--- START ---
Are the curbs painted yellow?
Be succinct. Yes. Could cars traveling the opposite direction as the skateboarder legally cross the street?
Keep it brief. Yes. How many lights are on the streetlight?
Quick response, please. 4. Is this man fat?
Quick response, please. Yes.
--- END ---
--- START ---
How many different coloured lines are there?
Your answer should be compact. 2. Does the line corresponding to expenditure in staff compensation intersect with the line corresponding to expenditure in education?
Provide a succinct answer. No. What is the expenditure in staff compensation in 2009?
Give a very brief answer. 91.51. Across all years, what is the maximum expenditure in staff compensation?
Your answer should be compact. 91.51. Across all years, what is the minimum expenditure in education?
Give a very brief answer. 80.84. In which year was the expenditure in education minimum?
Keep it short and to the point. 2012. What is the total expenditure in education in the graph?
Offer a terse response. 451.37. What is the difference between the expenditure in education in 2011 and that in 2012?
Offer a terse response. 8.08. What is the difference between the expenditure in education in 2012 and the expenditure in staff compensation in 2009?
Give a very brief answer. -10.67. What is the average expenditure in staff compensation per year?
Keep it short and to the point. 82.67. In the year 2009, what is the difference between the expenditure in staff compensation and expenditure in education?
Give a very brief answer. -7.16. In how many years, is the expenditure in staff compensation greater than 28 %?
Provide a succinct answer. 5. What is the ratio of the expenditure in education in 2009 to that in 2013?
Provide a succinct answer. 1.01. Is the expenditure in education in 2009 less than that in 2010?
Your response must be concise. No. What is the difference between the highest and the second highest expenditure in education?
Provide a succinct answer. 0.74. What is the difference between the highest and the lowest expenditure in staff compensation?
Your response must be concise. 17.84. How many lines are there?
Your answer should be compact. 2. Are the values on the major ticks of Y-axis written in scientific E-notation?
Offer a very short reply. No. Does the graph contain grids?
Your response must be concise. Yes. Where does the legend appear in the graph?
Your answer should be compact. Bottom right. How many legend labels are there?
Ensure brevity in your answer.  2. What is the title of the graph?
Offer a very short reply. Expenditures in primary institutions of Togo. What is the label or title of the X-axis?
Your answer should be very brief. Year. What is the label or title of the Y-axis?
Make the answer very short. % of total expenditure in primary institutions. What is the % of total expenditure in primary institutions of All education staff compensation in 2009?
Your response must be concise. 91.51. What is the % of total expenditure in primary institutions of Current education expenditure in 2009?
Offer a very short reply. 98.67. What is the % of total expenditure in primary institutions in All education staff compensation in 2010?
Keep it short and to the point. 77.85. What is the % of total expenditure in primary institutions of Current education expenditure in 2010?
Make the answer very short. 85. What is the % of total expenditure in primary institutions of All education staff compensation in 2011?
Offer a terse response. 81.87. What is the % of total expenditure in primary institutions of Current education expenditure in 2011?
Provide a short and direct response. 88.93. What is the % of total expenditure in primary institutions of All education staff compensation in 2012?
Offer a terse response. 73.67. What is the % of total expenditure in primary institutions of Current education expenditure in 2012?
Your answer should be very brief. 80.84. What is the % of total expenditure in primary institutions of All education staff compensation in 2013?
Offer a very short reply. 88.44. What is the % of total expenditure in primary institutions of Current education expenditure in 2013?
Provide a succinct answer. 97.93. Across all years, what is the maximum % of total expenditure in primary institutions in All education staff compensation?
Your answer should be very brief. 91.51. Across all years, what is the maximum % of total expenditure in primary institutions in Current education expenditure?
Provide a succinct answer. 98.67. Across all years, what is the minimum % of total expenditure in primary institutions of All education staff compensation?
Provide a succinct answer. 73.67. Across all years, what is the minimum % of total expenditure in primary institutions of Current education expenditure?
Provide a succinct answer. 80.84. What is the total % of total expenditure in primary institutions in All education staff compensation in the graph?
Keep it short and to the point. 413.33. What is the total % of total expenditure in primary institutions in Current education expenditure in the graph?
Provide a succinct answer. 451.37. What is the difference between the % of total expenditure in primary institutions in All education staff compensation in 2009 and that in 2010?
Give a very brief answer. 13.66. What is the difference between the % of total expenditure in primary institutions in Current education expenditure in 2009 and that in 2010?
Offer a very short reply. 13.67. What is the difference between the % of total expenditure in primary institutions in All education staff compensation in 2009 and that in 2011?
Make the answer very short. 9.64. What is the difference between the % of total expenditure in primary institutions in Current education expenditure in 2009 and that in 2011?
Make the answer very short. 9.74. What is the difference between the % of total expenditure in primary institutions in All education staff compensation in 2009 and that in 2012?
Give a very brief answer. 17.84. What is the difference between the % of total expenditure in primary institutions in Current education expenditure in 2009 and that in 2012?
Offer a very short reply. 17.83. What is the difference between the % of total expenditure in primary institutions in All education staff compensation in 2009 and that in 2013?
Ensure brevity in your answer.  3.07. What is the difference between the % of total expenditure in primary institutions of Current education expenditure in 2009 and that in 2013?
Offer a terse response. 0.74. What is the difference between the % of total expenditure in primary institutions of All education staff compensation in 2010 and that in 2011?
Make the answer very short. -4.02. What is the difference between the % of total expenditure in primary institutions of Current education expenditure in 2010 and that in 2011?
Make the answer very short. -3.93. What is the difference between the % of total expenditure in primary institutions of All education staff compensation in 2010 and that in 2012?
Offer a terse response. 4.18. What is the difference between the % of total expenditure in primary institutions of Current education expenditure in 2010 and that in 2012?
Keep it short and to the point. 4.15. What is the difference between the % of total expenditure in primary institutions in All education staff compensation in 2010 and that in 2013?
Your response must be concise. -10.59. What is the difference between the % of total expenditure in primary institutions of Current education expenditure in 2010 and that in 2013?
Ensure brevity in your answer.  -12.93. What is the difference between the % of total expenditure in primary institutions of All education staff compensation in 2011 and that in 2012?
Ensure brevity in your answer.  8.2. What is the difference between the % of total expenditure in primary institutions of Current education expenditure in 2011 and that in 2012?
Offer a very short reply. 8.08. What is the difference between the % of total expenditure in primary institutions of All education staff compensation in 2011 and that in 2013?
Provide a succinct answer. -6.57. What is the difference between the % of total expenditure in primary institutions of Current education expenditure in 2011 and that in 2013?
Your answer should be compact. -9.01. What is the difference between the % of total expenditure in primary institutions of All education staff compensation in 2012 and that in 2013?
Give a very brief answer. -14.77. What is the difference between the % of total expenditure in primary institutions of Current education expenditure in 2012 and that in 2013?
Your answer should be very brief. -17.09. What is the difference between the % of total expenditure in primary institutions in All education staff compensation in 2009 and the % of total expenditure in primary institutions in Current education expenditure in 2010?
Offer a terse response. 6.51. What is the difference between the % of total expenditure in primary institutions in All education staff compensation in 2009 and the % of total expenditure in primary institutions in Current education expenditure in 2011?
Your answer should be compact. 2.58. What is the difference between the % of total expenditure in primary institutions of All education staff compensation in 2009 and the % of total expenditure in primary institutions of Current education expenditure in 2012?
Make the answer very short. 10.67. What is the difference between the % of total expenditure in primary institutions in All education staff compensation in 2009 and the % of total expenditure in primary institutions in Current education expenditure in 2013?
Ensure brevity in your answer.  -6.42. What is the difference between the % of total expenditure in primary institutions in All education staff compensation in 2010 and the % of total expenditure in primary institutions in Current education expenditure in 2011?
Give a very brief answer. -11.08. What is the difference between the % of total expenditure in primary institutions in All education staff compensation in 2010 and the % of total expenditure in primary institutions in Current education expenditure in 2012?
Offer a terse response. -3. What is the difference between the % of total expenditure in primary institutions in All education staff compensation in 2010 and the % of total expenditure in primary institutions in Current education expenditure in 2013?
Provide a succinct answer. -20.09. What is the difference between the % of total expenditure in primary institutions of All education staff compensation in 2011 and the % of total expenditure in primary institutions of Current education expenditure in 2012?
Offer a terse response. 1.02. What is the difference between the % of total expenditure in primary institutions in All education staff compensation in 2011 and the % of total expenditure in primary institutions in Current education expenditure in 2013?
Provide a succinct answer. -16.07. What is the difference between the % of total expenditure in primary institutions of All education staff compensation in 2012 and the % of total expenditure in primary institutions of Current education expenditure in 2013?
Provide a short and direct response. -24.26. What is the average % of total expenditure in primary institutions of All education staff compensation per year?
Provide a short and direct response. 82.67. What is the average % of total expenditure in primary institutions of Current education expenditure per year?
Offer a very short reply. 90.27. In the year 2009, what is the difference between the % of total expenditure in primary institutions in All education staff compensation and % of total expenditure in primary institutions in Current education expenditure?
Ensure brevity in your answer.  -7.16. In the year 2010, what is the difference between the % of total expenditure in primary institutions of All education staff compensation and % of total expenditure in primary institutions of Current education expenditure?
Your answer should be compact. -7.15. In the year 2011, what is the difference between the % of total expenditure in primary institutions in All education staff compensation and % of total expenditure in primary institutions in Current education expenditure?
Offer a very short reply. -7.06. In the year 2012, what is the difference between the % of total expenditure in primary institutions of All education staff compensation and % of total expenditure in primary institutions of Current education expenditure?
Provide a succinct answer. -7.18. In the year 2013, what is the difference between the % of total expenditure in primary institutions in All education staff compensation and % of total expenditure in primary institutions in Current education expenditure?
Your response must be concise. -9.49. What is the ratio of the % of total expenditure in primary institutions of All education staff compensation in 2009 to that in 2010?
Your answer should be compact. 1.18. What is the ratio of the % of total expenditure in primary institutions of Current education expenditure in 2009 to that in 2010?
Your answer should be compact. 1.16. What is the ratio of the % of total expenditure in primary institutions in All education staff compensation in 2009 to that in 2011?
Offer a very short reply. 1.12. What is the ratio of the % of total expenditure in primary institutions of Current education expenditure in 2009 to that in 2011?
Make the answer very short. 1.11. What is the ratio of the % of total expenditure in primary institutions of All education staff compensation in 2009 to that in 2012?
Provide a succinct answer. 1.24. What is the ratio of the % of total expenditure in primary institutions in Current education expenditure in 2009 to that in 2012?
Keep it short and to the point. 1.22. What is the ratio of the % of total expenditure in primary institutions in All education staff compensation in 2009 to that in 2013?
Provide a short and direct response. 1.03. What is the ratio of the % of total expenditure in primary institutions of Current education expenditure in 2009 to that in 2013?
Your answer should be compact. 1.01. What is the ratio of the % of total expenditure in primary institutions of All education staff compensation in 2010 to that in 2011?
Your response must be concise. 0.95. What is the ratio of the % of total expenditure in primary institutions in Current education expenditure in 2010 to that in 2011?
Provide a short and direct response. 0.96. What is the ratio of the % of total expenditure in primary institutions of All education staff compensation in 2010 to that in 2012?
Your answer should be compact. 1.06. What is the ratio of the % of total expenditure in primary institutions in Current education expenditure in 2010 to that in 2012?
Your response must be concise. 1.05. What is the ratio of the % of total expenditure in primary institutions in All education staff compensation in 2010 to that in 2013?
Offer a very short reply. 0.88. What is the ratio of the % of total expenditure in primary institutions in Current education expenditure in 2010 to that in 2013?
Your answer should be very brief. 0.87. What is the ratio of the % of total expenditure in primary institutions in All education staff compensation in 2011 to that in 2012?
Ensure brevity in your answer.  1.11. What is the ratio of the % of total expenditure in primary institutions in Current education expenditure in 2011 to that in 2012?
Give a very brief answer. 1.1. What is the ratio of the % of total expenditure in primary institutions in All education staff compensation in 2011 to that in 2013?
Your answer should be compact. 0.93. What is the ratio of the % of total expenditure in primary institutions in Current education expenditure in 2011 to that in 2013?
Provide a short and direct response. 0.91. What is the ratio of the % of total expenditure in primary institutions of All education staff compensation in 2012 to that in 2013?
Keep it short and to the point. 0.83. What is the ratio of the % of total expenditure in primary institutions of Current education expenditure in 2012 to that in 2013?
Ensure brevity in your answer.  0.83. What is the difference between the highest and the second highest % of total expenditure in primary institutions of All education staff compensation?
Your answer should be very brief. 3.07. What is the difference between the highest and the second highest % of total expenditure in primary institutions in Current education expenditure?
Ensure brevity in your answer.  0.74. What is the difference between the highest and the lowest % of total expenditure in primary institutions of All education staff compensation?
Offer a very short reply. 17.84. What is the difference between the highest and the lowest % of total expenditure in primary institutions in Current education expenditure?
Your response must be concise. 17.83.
--- END ---
--- START ---
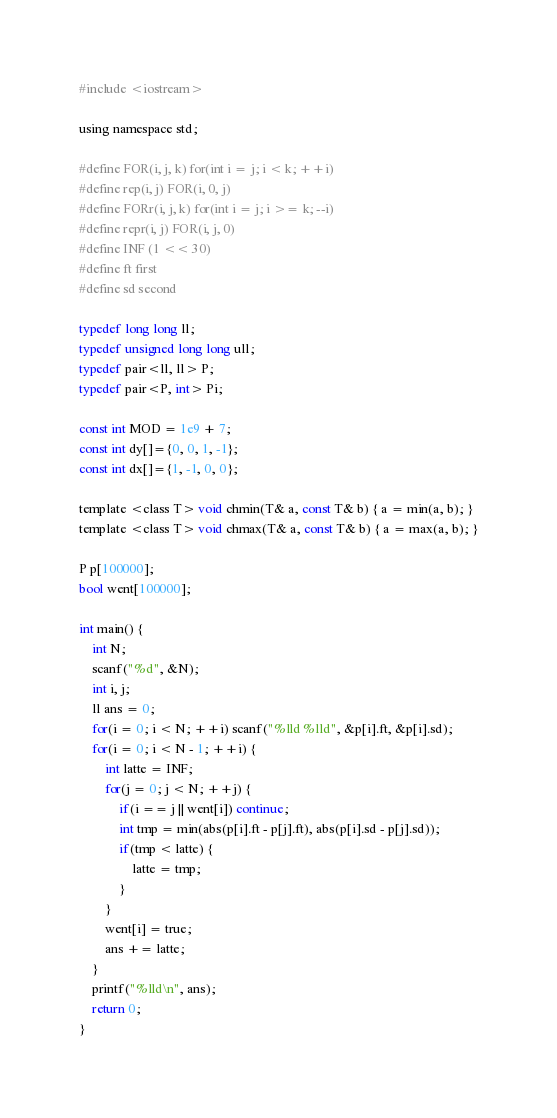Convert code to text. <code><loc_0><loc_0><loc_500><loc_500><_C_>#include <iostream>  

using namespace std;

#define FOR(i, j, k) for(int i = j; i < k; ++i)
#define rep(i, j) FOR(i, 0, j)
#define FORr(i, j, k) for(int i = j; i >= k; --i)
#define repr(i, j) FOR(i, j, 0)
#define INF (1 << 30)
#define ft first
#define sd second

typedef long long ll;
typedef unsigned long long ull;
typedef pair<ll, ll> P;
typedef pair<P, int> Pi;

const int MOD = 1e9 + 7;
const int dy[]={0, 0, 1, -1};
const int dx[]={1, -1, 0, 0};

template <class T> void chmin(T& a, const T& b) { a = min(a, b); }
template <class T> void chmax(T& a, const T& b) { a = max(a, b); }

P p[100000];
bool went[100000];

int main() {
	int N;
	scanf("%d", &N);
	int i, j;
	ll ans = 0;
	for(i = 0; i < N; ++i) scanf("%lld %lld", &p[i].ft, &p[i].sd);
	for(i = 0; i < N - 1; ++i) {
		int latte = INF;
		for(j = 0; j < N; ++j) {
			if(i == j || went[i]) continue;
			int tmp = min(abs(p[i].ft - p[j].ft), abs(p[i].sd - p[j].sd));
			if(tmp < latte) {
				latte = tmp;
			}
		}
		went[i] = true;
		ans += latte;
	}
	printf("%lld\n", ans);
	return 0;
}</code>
--- END ---
## AIM OF THE EXERCISE
Say how many lines of the material above contain the string "define". Write nothing but the number.

## RESULT OF THIS EXERCISE
7